* **WHAT TO PRODUCE**
A verbatim reproduction of the following listing is required; omit the pictures.

* **DATASET EXCERPTS**
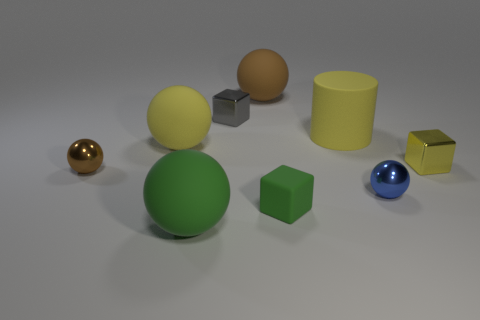There is a small cube that is behind the matte cylinder; what material is it?
Give a very brief answer. Metal. There is a green ball that is made of the same material as the big brown thing; what is its size?
Provide a short and direct response. Large. There is a big yellow ball; are there any yellow things behind it?
Provide a short and direct response. Yes. What is the size of the other brown shiny object that is the same shape as the large brown object?
Keep it short and to the point. Small. Does the cylinder have the same color as the large sphere that is on the right side of the tiny gray thing?
Make the answer very short. No. Is the cylinder the same color as the small matte cube?
Your answer should be compact. No. Is the number of yellow rubber things less than the number of tiny gray matte balls?
Keep it short and to the point. No. How many other objects are the same color as the tiny rubber block?
Make the answer very short. 1. How many large red metal objects are there?
Give a very brief answer. 0. Is the number of blue balls to the left of the brown matte object less than the number of small brown balls?
Keep it short and to the point. Yes. 
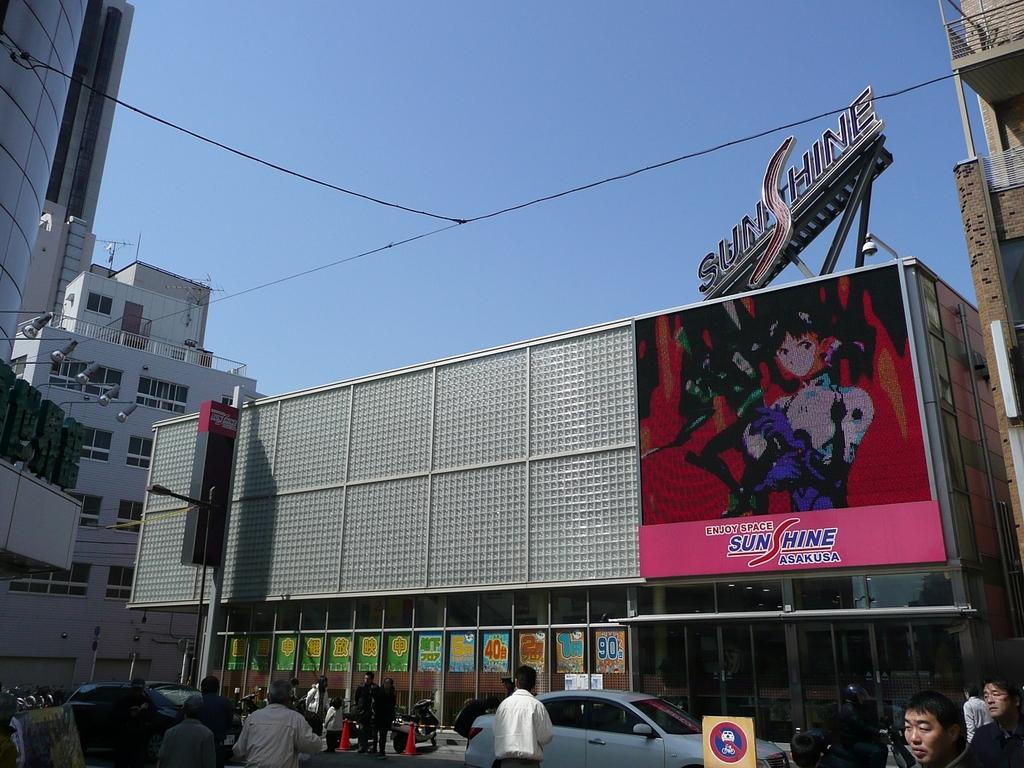<image>
Share a concise interpretation of the image provided. An Ad for SunShine Asakusa is prominently displayed on a building

* **EXERCISE ANSWER**
There is a small cube that is behind the matte cylinder; what material is it?
Give a very brief answer. Metal. There is a green ball that is made of the same material as the big brown thing; what is its size?
Provide a short and direct response. Large. There is a big yellow ball; are there any yellow things behind it?
Provide a short and direct response. Yes. What is the size of the other brown shiny object that is the same shape as the large brown object?
Keep it short and to the point. Small. Does the cylinder have the same color as the large sphere that is on the right side of the tiny gray thing?
Make the answer very short. No. Is the cylinder the same color as the small matte cube?
Your answer should be compact. No. Is the number of yellow rubber things less than the number of tiny gray matte balls?
Keep it short and to the point. No. How many other objects are the same color as the tiny rubber block?
Make the answer very short. 1. How many large red metal objects are there?
Give a very brief answer. 0. Is the number of blue balls to the left of the brown matte object less than the number of small brown balls?
Keep it short and to the point. Yes. 
<image>
Share a concise interpretation of the image provided. An Ad for SunShine Asakusa is prominently displayed on a building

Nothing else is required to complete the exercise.